All the lines below need to be transcribed exactly. Pictures get left out.

====== Information given

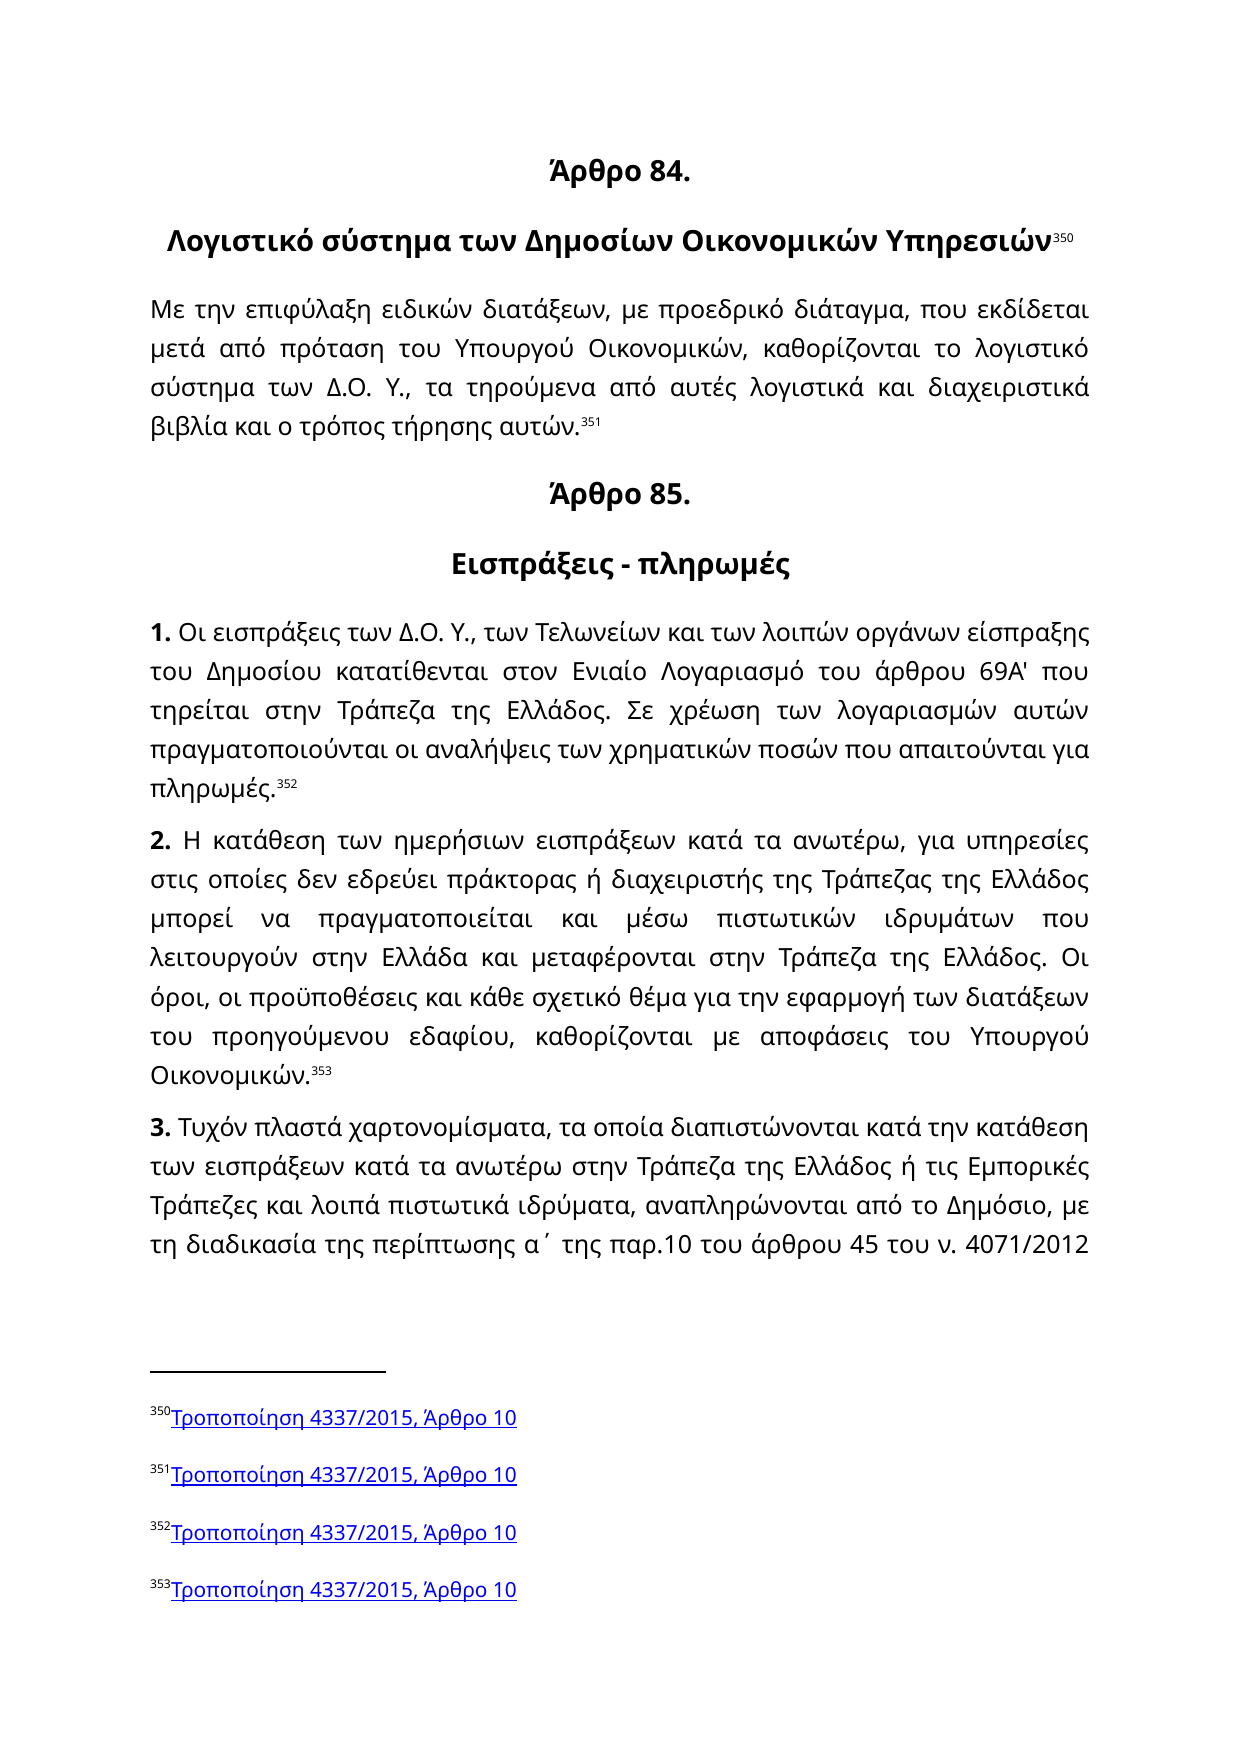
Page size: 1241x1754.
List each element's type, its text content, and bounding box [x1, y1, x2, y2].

subtitle Άρθρο 85. [150, 473, 1090, 513]
text 1. Οι εισπράξεις των Δ.Ο. Υ., των Τελωνείων και των λοιπών οργάνων είσπραξης του Δημοσίου κατατίθενται στον Ενιαίο Λογαριασμό του άρθρου 69Α' που τηρείται στην Τράπεζα της Ελλάδος. Σε χρέωση των λογαριασμών αυτών πραγματοποιούνται οι αναλήψεις των χρηματικών ποσών που απαιτούνται για πληρωμές. [150, 614, 1090, 805]
text Τροποποίηση 4337/2015, Άρθρο 10 [150, 1576, 1090, 1604]
subtitle Άρθρο 84. [150, 150, 1090, 190]
text Τροποποίηση 4337/2015, Άρθρο 10 [150, 1460, 1090, 1489]
subtitle Εισπράξεις - πληρωμές [150, 543, 1090, 583]
text Τροποποίηση 4337/2015, Άρθρο 10 [150, 1403, 1090, 1431]
subtitle Λογιστικό σύστημα των Δημοσίων Οικονομικών Υπηρεσιών [150, 221, 1090, 260]
text 2. Η κατάθεση των ημερήσιων εισπράξεων κατά τα ανωτέρω, για υπηρεσίες στις οποίες δεν εδρεύει πράκτορας ή διαχειριστής της Τράπεζας της Ελλάδος μπορεί να πραγματοποιείται και μέσω πιστωτικών ιδρυμάτων που λειτουργούν στην Ελλάδα και μεταφέρονται στην Τράπεζα της Ελλάδος. Οι όροι, οι προϋποθέσεις και κάθε σχετικό θέμα για την εφαρμογή των διατάξεων του προηγούμενου εδαφίου, καθορίζονται με αποφάσεις του Υπουργού Οικονομικών. [150, 822, 1090, 1092]
text Τροποποίηση 4337/2015, Άρθρο 10 [150, 1518, 1090, 1546]
text Με την επιφύλαξη ειδικών διατάξεων, με προεδρικό διάταγμα, που εκδίδεται μετά από πρόταση του Υπουργού Οικονομικών, καθορίζονται το λογιστικό σύστημα των Δ.Ο. Υ., τα τηρούμενα από αυτές λογιστικά και διαχειριστικά βιβλία και ο τρόπος τήρησης αυτών. [150, 291, 1090, 443]
text 3. Τυχόν πλαστά χαρτονομίσματα, τα οποία διαπιστώνονται κατά την κατάθεση των εισπράξεων κατά τα ανωτέρω στην Τράπεζα της Ελλάδος ή τις Εμπορικές Τράπεζες και λοιπά πιστωτικά ιδρύματα, αναπληρώνονται από το Δημόσιο, με τη διαδικασία της περίπτωσης α΄ της παρ.10 του άρθρου 45 του ν. 4071/2012 [150, 1109, 1090, 1261]

============

Answer
Page size: 1241x1754.
List each element's type, its text content, and bounding box [x1, y1, x2, y2].

subtitle Άρθρο 85. [150, 473, 1090, 513]
text 1. Οι εισπράξεις των Δ.Ο. Υ., των Τελωνείων και των λοιπών οργάνων είσπραξης του Δημοσίου κατατίθενται στον Ενιαίο Λογαριασμό του άρθρου 69Α' που τηρείται στην Τράπεζα της Ελλάδος. Σε χρέωση των λογαριασμών αυτών πραγματοποιούνται οι αναλήψεις των χρηματικών ποσών που απαιτούνται για πληρωμές. [150, 614, 1090, 805]
text Τροποποίηση 4337/2015, Άρθρο 10 [150, 1576, 1090, 1604]
subtitle Άρθρο 84. [150, 150, 1090, 190]
text Τροποποίηση 4337/2015, Άρθρο 10 [150, 1460, 1090, 1489]
subtitle Εισπράξεις - πληρωμές [150, 543, 1090, 583]
text Τροποποίηση 4337/2015, Άρθρο 10 [150, 1403, 1090, 1431]
subtitle Λογιστικό σύστημα των Δημοσίων Οικονομικών Υπηρεσιών [150, 221, 1090, 260]
text 2. Η κατάθεση των ημερήσιων εισπράξεων κατά τα ανωτέρω, για υπηρεσίες στις οποίες δεν εδρεύει πράκτορας ή διαχειριστής της Τράπεζας της Ελλάδος μπορεί να πραγματοποιείται και μέσω πιστωτικών ιδρυμάτων που λειτουργούν στην Ελλάδα και μεταφέρονται στην Τράπεζα της Ελλάδος. Οι όροι, οι προϋποθέσεις και κάθε σχετικό θέμα για την εφαρμογή των διατάξεων του προηγούμενου εδαφίου, καθορίζονται με αποφάσεις του Υπουργού Οικονομικών. [150, 822, 1090, 1092]
text Τροποποίηση 4337/2015, Άρθρο 10 [150, 1518, 1090, 1546]
text Με την επιφύλαξη ειδικών διατάξεων, με προεδρικό διάταγμα, που εκδίδεται μετά από πρόταση του Υπουργού Οικονομικών, καθορίζονται το λογιστικό σύστημα των Δ.Ο. Υ., τα τηρούμενα από αυτές λογιστικά και διαχειριστικά βιβλία και ο τρόπος τήρησης αυτών. [150, 291, 1090, 443]
text 3. Τυχόν πλαστά χαρτονομίσματα, τα οποία διαπιστώνονται κατά την κατάθεση των εισπράξεων κατά τα ανωτέρω στην Τράπεζα της Ελλάδος ή τις Εμπορικές Τράπεζες και λοιπά πιστωτικά ιδρύματα, αναπληρώνονται από το Δημόσιο, με τη διαδικασία της περίπτωσης α΄ της παρ.10 του άρθρου 45 του ν. 4071/2012 [150, 1109, 1090, 1261]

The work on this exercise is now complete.